Immer mal wieder kommt uns der Gedanke, dass wir bei Meerschweinchen Binda so langsam auch die Türen schliessen könnten und immer wieder finden wir neue Motivation um weiter zu machen. Klar fällt auf, dass wir weniger Tiere haben - wir trennen uns ab und zu von Stammtieren und lassen sie bewusst ausziehen an gute Plätze - so dass wir weniger Tiere im Rudel haben. Weniger Tiere brauchen weniger Futter und auch das Misten ist bedeutend einfacher.

 

Klar werden wir nicht ewig weitermachen - aber dieses Jahr (2017) wird es bei uns bis zum Jahresende nochmals 3 Würfe geben. Ab dem 6.8 kann Anouschka bereits werfen und heute haben wir die Verpaarung mit Wilma und Luise (mit Lubomjr)gesetzt. Ihre Babys erwarten wir ab dem 10.Oktober.

1. August

Gestern mussten wir uns von Penelope trennen. 6 Jahre und fast 4 Monate alt wurde sie. Ein tolles Alter - aber sie hinterlässt im Rudel und besondern in unseren Herzen eine Riesen Lücke.

Penelope vor wenigen Wochen im Rudel - mittendrin!
Penelope vor wenigen Wochen im Rudel - mittendrin!

26. Juli

Wir geniessen die herzigen Babys von Blue und Mina. Die Beiden von Blue sind eigentlich bereits ab dem 1. Tag im grossen Aussengehege unterwegs. Am Anfang haben wir uns Sorgen gemacht - aber nun stellen wir fest, dass sie schnell wachsen. Herzig so "Winzlinge" unter all den Grossen zu sehen.

Wambuti neben Mama Blue und Adèle
Wambuti neben Mama Blue und Adèle

11. Juli

Oh und das tolle Bild von Magali möchten wir Euch nicht vorenthalten.

4. Juni

Wir denken das war richtig ... noch 2 Zuchttiere aufzunehmen. Die Beiden haben nun gemeinsam Zeit bei uns aufzuwachsen und wir werden dann sehen ... jedenfalls freuen wir uns unheimlich über diese Beiden niedlichen Tiere!

Luise
Luise
Wilma
Wilma

Beide haben sich super schnell im Rudel eingefunden und geniessen das ganze Aussengehege.
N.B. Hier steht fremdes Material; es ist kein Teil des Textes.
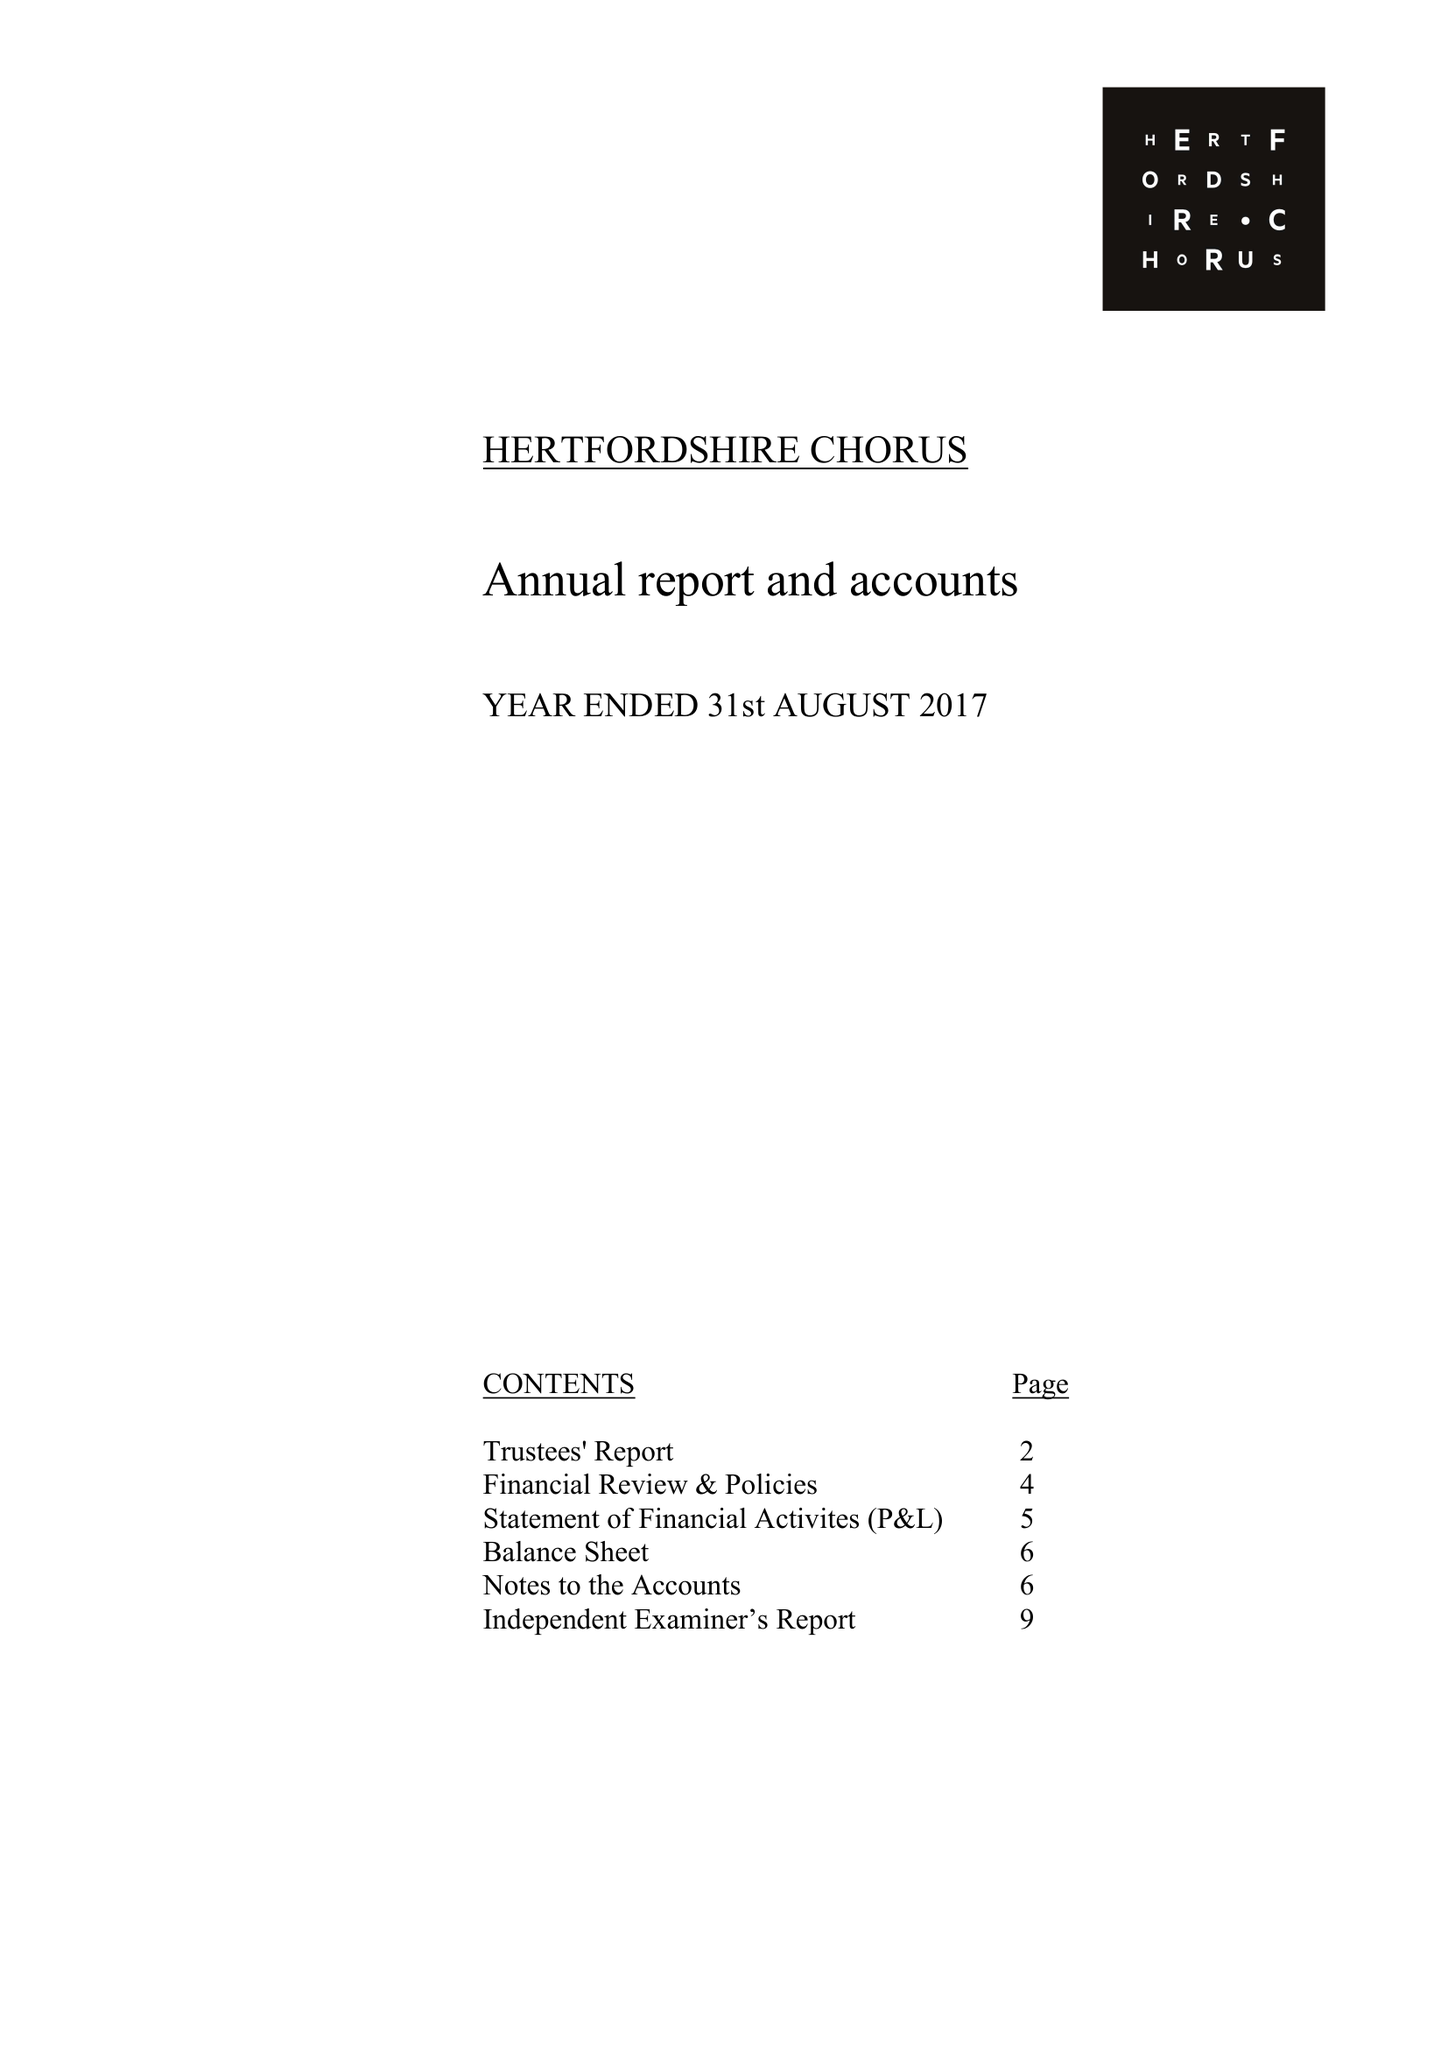What is the value for the report_date?
Answer the question using a single word or phrase. 2017-08-31 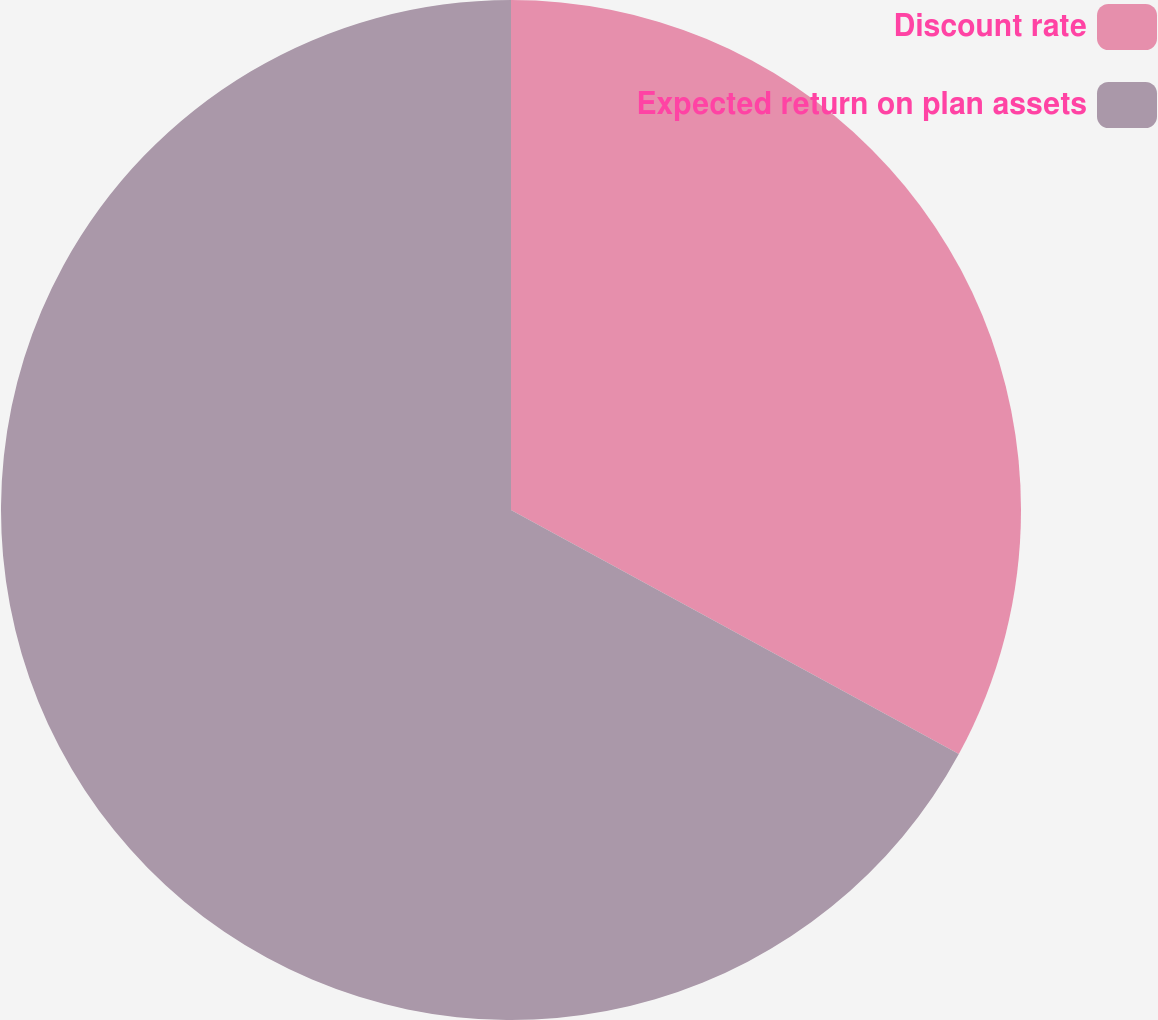Convert chart to OTSL. <chart><loc_0><loc_0><loc_500><loc_500><pie_chart><fcel>Discount rate<fcel>Expected return on plan assets<nl><fcel>32.94%<fcel>67.06%<nl></chart>

In wenigen Wochen wird dann auch noch Emma zu uns stossen ... dann sind wir wieder komplett.

3. Mai

Traurig mussten wir gestern von Tonka Abschied nehmen. Der Entscheid sie gehen zu lassen war nicht einfach aber richtig. Kurz vor der Geburt ist uns aufgefallen, dass sie eine grosse Geschwulst oberhalb ihrer Zitzen hat. Auch hat sie immer mal wieder Schmerzen angezeigt und  vor der Geburt schon Blut verloren - schien aber immer dennoch munter zu sein. Nach der Geburt haben wir sie sofort dem TA gezeigt - wir haben beschlossen abzuwarten solange sie die Babys grosszieht.

Gestern, nach Abgabe ihrer Babys haben wir sie erneut zum TA gebracht, weil uns aufgefallen ist, dass sie erneut Schmerzen anzeigt.

Wir fanden einen riesigen Blasenstein, kaum zu operieren und haben beschlossen, da sie ziemlich sicher auch noch ein Mama CA hat - sie einzuschläfern. Das war ein riesigen Schlag und wir vermissen sie enorm.

Unser Rudel ist nun beängstigend klein geworden. 2 Tiere sind nun auch noch beim Bock und so haben wir im Grossrudel grad noch 7 Tiere. 

Zum Glück lief uns vor einigen Wochen Mina über den Weg und wir haben uns sofort in die kleine Maus verliebt.

Tonka, März 17
Tonka, März 17
Mina
Mina

28. März

Das viel uns nicht schwer, das schönste Foto - der hübscheste Ausdruck - das war heute klar Magalie!

21.März

 

Paloma ist der Schnüggel des Tages!

Sie ist ein Übernahmetier - bei uns geboren, 2 Jahre alt und langsam wird es schwierig sie auch wieder weiterziehen zu lassen ... sie uns uns bereits ans Herz gewachsen!
Sie ist ein Übernahmetier - bei uns geboren, 2 Jahre alt und langsam wird es schwierig sie auch wieder weiterziehen zu lassen ... sie uns uns bereits ans Herz gewachsen!

27. Februar

Wir melden uns nach einer langen Pause zurück. Der Winter scheint sich so langsam zu verabschieden - und darüber ist bei uns grad gar niemand traurig. Es gibt nun wieder Gras und immer wieder wärmende Sonnenstrahlen.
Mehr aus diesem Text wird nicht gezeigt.